*Source data*
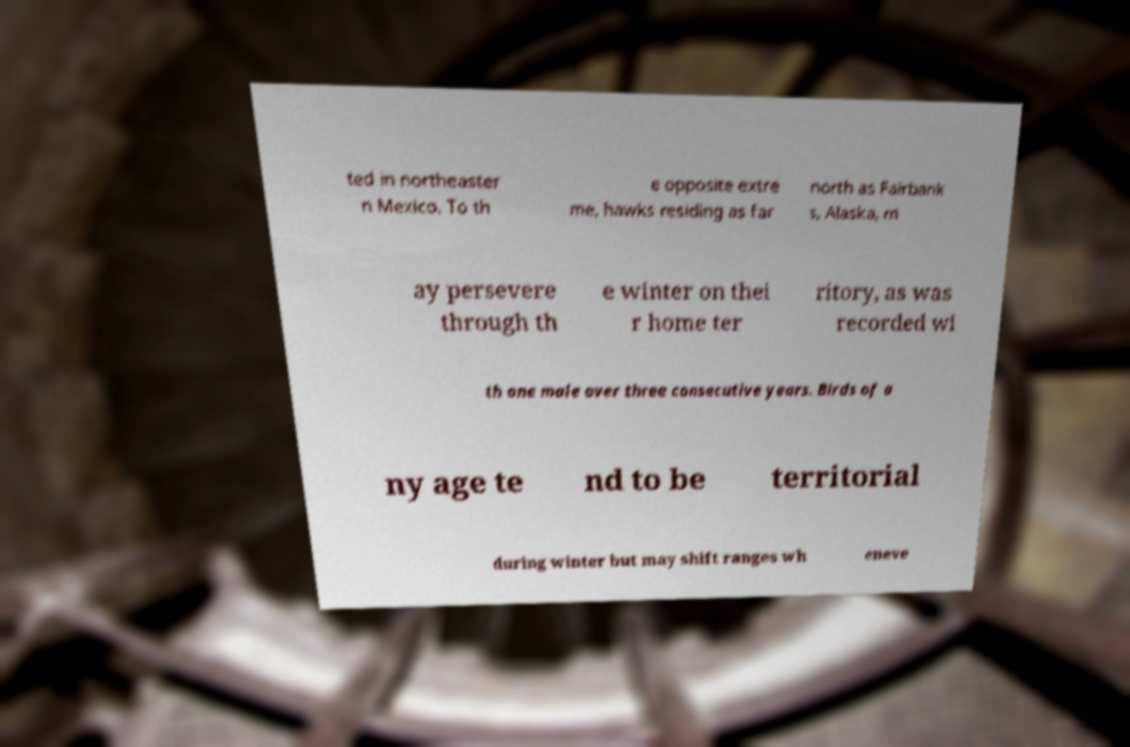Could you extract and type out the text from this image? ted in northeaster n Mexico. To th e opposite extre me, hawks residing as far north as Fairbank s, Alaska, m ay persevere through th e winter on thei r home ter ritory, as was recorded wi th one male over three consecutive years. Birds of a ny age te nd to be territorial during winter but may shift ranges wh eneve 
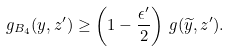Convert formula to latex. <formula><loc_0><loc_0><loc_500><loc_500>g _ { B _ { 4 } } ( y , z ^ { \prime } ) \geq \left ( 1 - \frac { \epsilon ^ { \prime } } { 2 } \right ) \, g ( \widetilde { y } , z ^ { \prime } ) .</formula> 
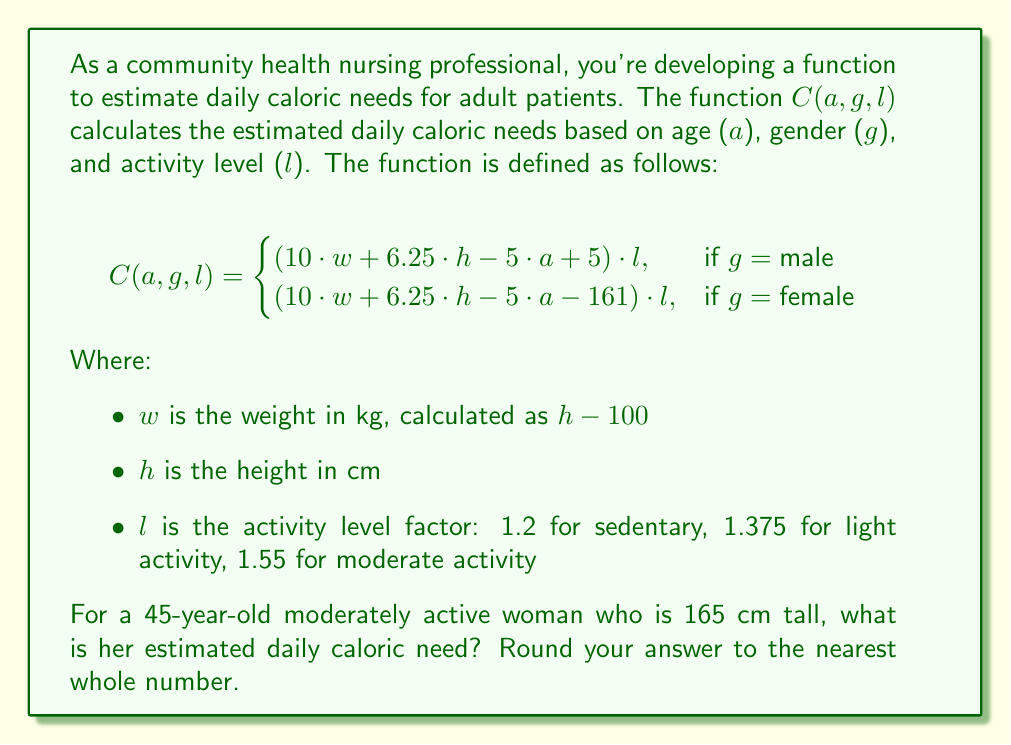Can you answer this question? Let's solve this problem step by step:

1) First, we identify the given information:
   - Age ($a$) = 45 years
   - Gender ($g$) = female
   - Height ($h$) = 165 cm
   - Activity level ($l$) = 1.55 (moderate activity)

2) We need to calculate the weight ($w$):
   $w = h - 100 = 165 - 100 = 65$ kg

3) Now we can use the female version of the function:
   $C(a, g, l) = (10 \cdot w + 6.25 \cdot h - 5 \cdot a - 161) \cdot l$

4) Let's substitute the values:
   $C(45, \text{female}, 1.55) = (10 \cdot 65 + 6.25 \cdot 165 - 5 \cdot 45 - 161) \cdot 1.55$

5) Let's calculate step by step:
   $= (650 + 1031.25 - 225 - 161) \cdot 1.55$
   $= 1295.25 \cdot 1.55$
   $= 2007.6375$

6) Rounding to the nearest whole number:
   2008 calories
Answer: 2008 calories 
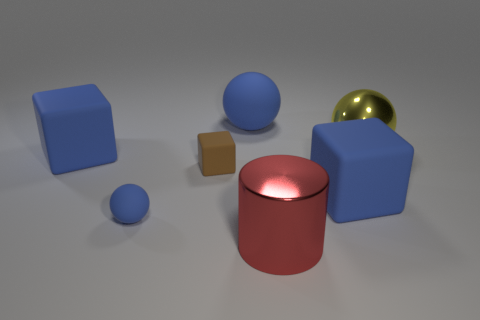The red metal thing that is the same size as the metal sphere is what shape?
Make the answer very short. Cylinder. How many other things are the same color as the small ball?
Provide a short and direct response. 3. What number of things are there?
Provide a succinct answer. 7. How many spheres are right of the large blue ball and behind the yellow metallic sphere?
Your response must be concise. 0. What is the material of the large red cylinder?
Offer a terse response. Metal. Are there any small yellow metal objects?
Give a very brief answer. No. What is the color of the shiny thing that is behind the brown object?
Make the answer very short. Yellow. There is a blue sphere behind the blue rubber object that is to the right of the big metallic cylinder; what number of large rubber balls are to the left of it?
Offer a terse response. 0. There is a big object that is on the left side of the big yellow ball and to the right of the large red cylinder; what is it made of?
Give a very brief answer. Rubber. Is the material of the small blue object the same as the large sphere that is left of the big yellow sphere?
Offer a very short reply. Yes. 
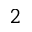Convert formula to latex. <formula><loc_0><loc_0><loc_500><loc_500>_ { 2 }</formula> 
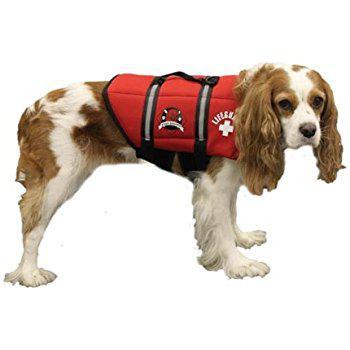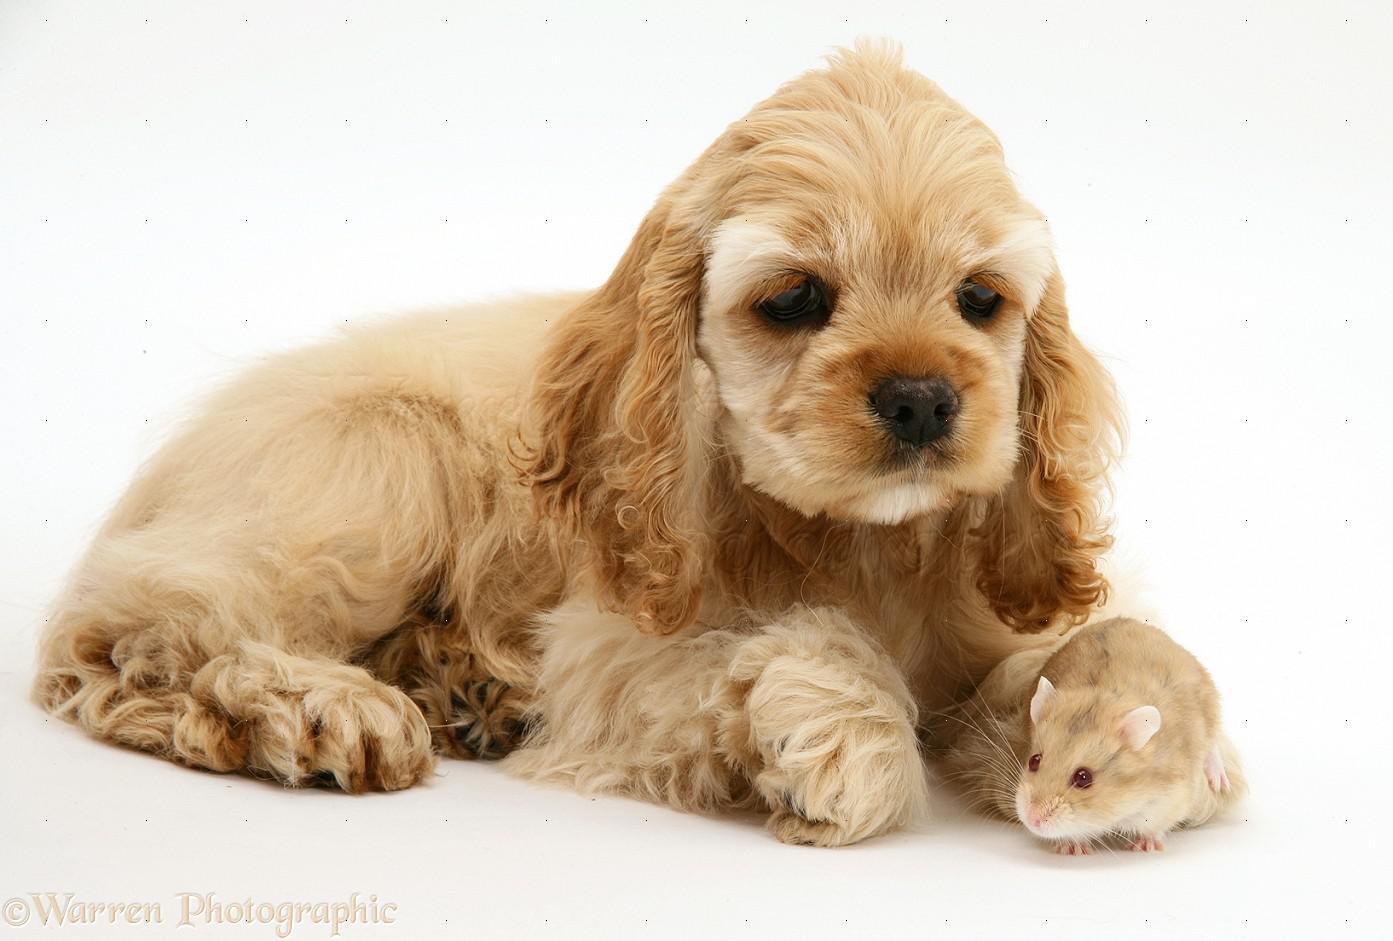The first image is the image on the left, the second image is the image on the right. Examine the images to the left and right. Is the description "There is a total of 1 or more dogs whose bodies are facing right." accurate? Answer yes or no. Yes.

*What to produce*
Lines in the data containing the string "brief" are to be counted; give that number alone.

*Problem solution*
2